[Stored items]
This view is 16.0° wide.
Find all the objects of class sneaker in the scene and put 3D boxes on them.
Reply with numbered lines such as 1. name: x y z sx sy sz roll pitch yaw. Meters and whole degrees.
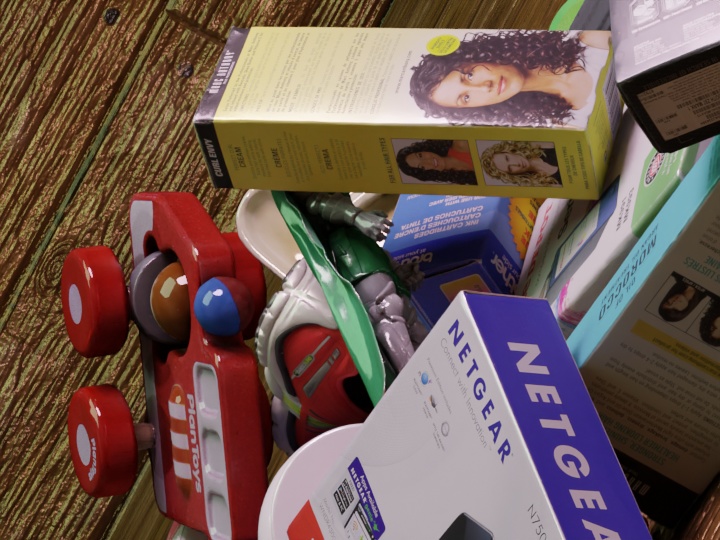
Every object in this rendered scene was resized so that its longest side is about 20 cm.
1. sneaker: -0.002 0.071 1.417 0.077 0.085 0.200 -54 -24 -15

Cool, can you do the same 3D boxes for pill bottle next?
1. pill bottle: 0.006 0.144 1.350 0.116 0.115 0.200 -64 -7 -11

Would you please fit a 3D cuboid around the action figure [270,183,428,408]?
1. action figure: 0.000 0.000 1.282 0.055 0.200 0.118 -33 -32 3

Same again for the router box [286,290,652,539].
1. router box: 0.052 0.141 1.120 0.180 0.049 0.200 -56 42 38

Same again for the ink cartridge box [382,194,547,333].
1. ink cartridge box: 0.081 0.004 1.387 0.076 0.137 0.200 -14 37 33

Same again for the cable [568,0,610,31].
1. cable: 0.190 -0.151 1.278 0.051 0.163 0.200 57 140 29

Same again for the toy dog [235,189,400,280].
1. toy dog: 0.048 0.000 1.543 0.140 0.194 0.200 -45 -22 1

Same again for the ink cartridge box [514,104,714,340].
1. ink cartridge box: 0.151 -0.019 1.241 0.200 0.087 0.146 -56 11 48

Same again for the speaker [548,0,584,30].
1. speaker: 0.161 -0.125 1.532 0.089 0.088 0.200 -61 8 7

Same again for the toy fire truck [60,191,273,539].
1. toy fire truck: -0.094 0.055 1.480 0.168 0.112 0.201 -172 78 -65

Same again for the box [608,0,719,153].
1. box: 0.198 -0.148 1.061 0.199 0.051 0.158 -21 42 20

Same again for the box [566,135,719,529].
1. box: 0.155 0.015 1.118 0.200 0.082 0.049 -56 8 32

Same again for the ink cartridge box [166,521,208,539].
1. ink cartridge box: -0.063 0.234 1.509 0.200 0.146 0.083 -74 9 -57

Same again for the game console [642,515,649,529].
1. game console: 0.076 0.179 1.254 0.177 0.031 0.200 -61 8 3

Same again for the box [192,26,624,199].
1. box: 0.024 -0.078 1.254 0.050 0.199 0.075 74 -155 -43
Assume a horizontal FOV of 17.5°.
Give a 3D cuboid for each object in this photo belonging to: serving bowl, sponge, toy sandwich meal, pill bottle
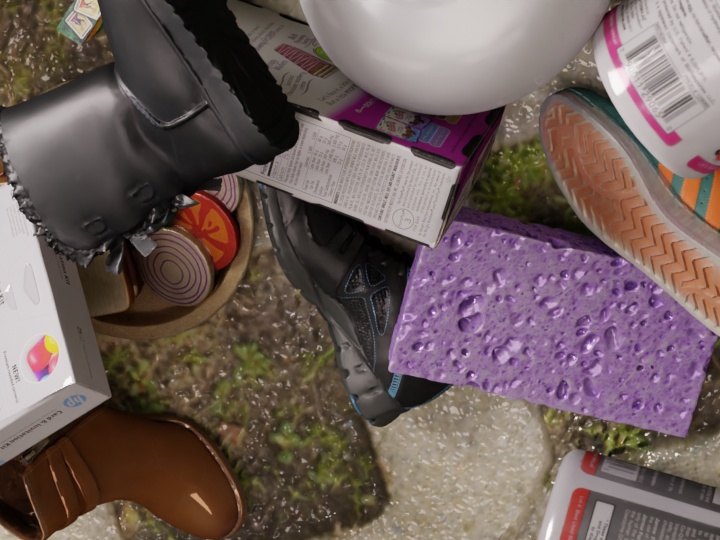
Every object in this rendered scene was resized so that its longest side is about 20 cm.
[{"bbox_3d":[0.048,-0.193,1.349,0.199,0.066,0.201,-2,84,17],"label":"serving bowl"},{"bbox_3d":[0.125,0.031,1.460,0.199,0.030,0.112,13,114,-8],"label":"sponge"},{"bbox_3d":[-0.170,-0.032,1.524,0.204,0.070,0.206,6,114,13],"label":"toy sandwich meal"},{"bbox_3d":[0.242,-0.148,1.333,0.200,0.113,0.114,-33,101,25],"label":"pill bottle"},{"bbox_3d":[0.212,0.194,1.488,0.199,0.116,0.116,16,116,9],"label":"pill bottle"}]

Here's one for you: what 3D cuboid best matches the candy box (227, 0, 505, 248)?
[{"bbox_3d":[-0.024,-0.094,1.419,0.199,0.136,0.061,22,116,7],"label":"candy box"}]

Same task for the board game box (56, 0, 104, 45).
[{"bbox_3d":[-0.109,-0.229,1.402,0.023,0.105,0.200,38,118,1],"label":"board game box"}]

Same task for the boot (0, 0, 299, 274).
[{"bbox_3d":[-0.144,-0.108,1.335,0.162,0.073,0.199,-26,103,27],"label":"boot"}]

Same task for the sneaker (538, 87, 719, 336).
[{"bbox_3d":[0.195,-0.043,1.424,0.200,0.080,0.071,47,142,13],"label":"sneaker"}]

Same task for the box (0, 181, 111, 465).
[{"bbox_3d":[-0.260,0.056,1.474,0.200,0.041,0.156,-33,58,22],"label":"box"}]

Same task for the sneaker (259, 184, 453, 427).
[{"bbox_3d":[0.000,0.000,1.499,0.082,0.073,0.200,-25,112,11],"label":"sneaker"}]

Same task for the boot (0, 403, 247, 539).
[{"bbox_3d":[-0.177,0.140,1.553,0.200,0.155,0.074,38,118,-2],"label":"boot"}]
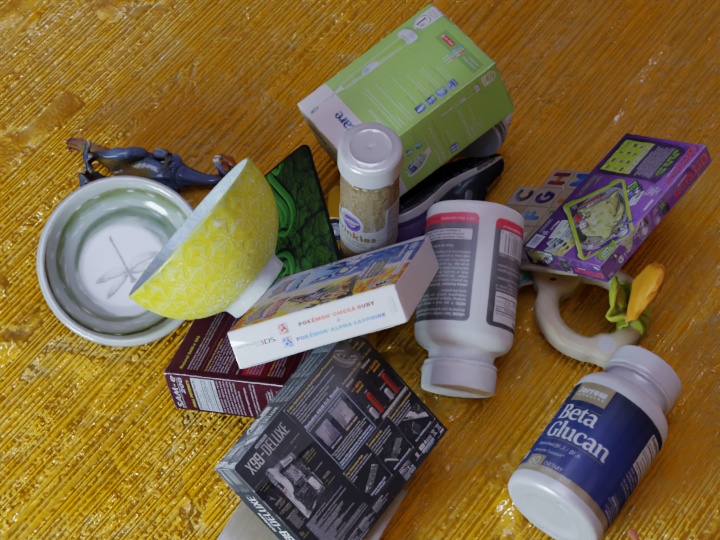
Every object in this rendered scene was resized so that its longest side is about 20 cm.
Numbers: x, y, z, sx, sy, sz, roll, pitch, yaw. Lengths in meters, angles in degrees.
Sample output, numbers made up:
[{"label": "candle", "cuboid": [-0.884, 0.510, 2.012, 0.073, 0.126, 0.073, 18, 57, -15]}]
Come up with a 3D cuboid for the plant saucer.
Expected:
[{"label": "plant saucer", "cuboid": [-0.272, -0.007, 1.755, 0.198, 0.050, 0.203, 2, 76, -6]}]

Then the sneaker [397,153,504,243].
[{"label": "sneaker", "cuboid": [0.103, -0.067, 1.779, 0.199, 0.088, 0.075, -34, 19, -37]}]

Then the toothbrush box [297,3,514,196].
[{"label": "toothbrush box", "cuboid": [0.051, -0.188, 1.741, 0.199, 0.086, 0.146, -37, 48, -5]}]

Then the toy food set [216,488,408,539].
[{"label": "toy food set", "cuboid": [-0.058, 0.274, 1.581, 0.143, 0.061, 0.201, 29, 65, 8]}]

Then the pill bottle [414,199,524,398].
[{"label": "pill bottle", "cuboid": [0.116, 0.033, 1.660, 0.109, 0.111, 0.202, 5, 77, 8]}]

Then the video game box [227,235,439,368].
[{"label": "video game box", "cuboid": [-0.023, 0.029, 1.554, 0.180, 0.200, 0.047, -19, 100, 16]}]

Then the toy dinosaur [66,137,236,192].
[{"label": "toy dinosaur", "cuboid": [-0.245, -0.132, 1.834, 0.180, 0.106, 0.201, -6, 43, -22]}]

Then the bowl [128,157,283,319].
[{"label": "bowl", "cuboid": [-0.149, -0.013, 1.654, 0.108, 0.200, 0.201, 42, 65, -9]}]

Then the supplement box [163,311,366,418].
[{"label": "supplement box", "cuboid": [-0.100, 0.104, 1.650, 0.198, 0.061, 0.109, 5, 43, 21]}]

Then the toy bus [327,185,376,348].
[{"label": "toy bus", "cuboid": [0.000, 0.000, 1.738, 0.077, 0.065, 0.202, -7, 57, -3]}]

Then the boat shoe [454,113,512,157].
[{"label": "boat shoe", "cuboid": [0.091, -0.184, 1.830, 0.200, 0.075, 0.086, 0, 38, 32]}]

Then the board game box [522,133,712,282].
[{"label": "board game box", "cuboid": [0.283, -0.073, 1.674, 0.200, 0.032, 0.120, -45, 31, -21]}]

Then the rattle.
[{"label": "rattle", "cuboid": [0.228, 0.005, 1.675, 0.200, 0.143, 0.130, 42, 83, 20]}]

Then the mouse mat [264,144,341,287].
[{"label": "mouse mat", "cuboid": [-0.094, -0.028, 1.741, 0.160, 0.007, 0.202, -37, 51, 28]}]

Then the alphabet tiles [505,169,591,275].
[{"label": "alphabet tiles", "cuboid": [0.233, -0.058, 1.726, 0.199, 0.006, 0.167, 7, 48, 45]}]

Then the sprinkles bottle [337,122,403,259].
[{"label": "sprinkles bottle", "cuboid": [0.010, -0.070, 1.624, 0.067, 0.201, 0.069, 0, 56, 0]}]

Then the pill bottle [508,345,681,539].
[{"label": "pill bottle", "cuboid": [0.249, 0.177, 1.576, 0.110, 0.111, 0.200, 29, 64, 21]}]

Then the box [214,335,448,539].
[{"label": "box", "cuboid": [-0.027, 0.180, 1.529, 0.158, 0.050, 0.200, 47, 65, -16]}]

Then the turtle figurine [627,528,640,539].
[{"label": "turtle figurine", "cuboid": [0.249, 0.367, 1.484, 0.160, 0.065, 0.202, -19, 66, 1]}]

Exercise prompt: Each line holding the word "with" must be pulled from the records.

Solution for this task:
Reply with numbered lines such as 1. name: x y z sx sy sz roll pitch yaw. Meters and whole degrees.
Come up with a 3D cuboid for the plant saucer.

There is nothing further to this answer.